SQLkiwi (5/15/2010)
If the source table is large and there are many duplicates, deleting all the duplicates in one go is likely to be slow and use a great deal of transaction log space. You could consider deleting rows in batches, or using a minimally-logged alternative as shown below:
-- Create a test database
USE master;
CREATE DATABASE RemoveDuplicates;
GO
USE RemoveDuplicates;
GO
-- Source table with duplicate data (must reside on the default file group)
CREATE TABLE dbo.Data
(
id INTEGER IDENTITY(1,1) NOT NULL PRIMARY KEY CLUSTERED,
size INTEGER NOT NULL
)
ON [DEFAULT];
GO
-- Sample data
INSERT dbo.Data (size)
VALUES (1), (1), (2),
(3), (2), (1), (3);
GO
-- Sample non-clustered index
CREATE NONCLUSTERED INDEX [IX dbo.Data size]
ON dbo.Data (size)
ON [DEFAULT];
GO
-- Identify the records to keep and save them to a new table
SELECT D1.id,
D1.size
INTO dbo.ToSave
FROM (
SELECT *,
rn = ROW_NUMBER() OVER (PARTITION BY size ORDER BY id)
FROM dbo.Data D1
) D1
WHERE D1.rn = 1;
GO
-- Switch to the bulk logged recovery model to allow
-- minimally-logged index builds
-- (in a real system you would take a log backup now)
ALTER DATABASE RemoveDuplicates
SET RECOVERY BULK_LOGGED;
GO
-- The new table needs the same indexes as the source table
-- Full requirements: http://technet.microsoft.com/en-us/library/ms191160.aspx
ALTER TABLE dbo.ToSave
ADD PRIMARY KEY CLUSTERED (id);
GO
CREATE INDEX nc1 ON dbo.ToSave (size) ON [DEFAULT];
GO
-- Switch back to full recovery
-- (in a real system you would take a second log backup now)
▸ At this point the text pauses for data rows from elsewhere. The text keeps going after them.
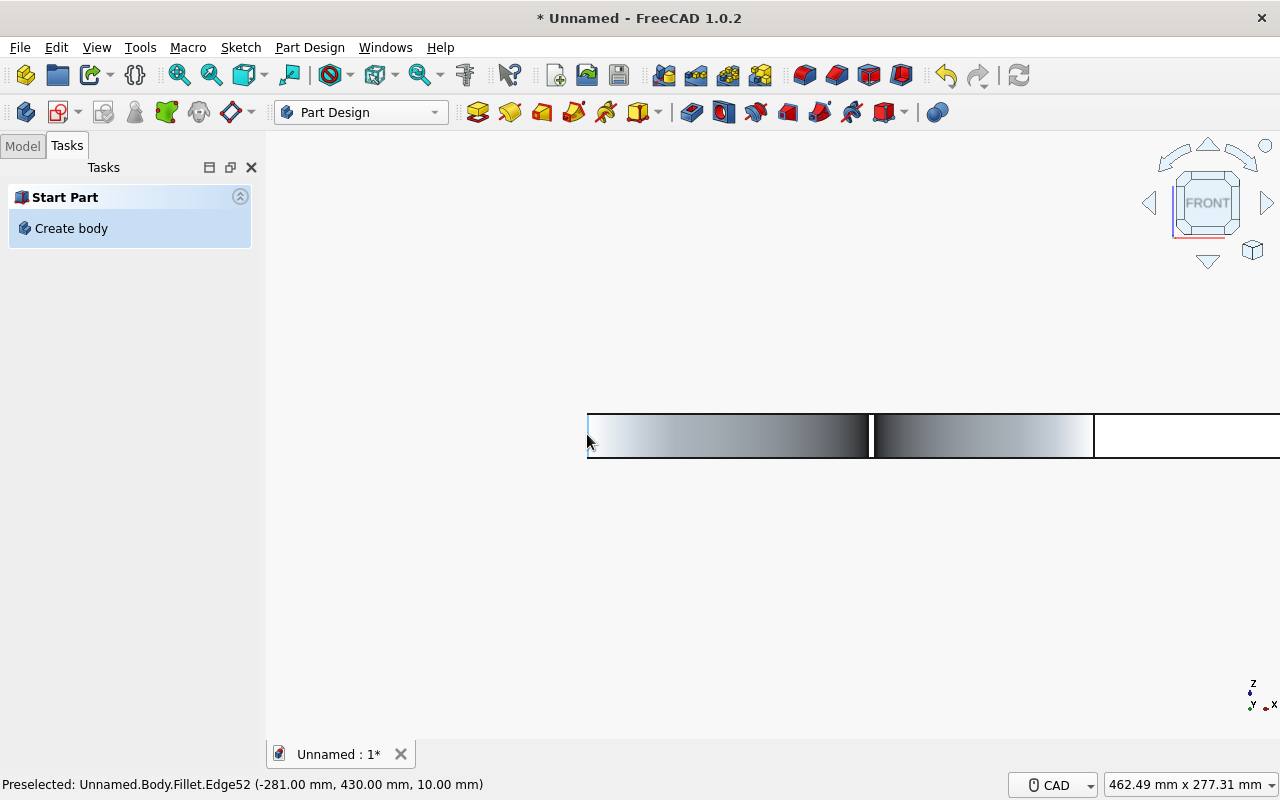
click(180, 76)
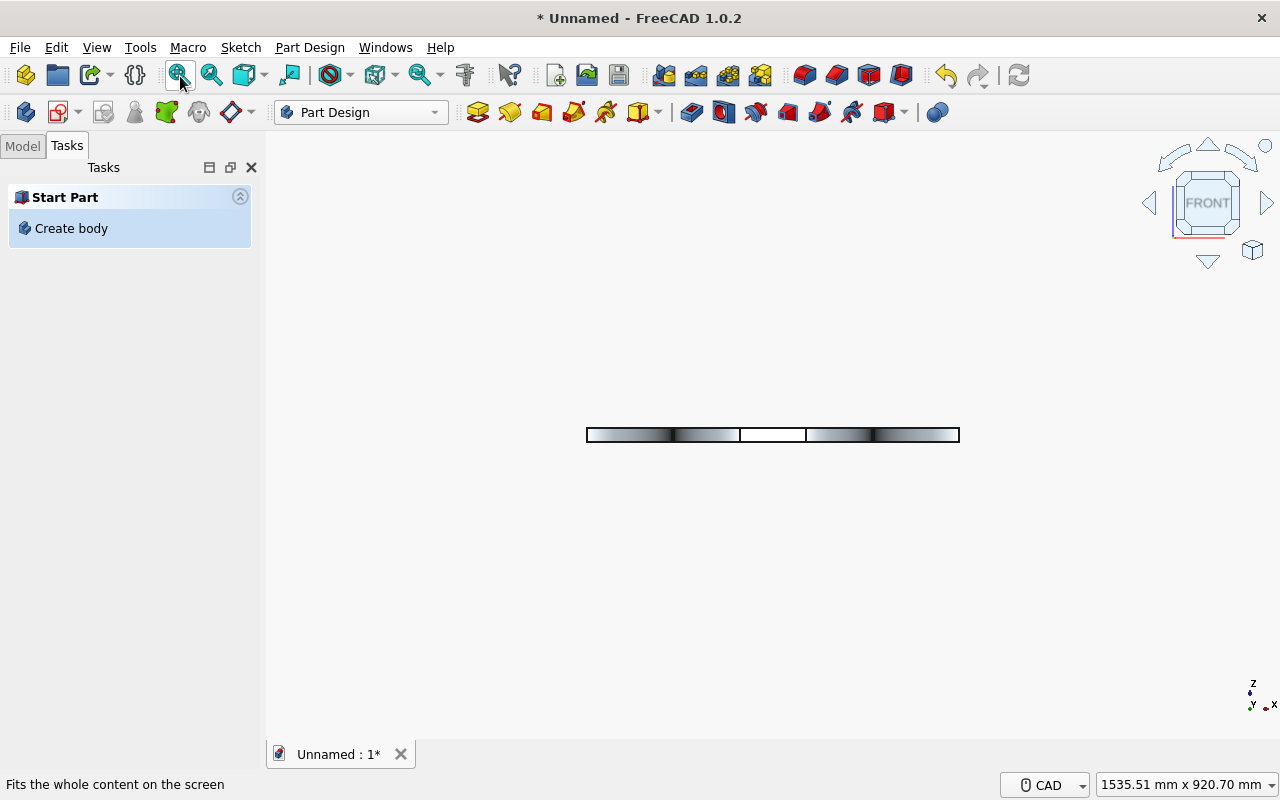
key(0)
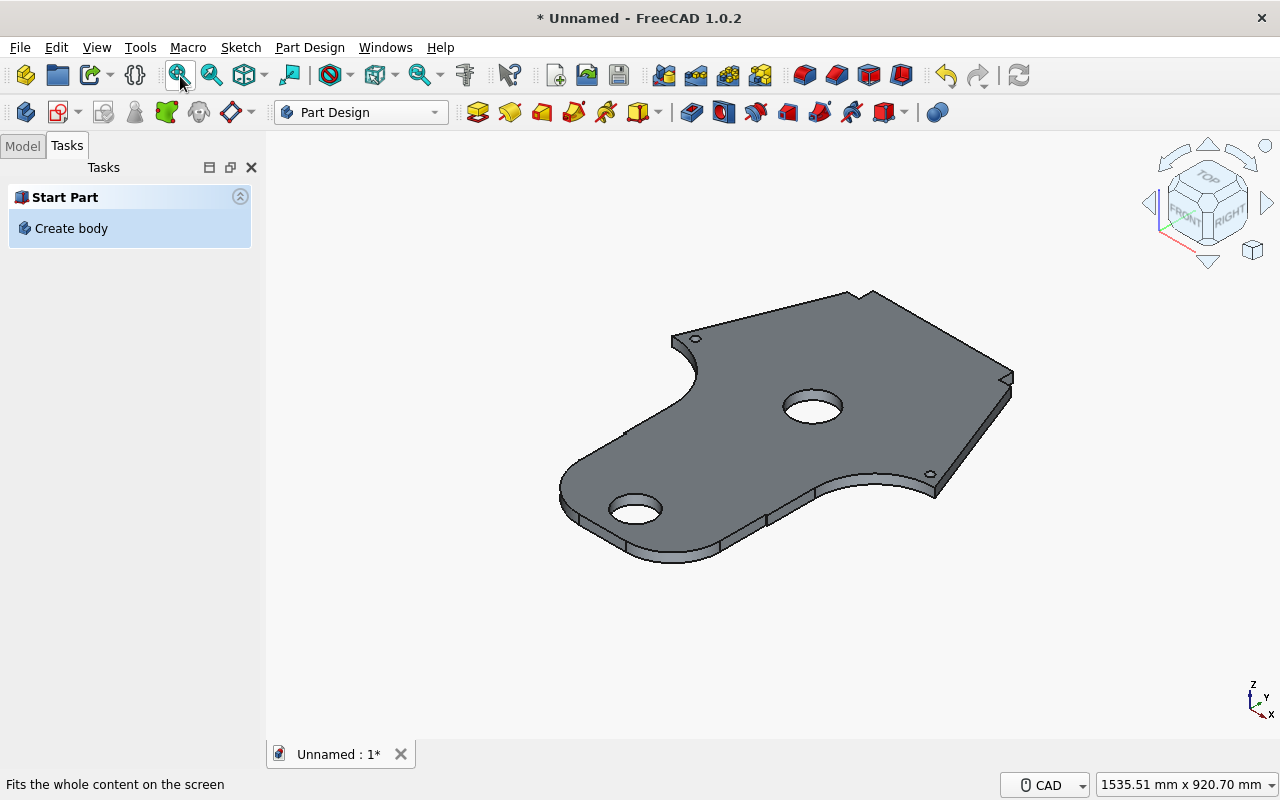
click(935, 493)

ALTER DATABASE RemoveDuplicates
SET RECOVERY FULL;
GO
-- Replace the original table with the saved data
BEGIN TRY
-- Begin atomic operation
BEGIN TRANSACTION;
-- Empty the source table
TRUNCATE TABLE dbo.Data;
-- Transfer the saved rows (metadata operation)
ALTER TABLE dbo.ToSave
SWITCH TO dbo.Data;
-- Drop the temporary storage
DROP TABLE dbo.ToSave;
-- Success
COMMIT TRANSACTION;
END TRY
BEGIN CATCH
-- Error handling
DECLARE @Msg NVARCHAR(2048);
SET @Msg = ERROR_MESSAGE();
IF XACT_STATE() <> 0 ROLLBACK TRANSACTION;
RAISERROR('ROLLBACK: %s', 16, 1, @Msg);
END CATCH;
GO
-- Show the de-duplicated data
SELECT *
FROM dbo.Data;
GO
-- Tidy up
USE master;
DROP DATABASE RemoveDuplicates;
Paul, realize this is an old thread, but I have a question. Would the use of the ALTER TABLE ... SWITCH TO ... require that the use of the Enterprise Editon of SQL Server?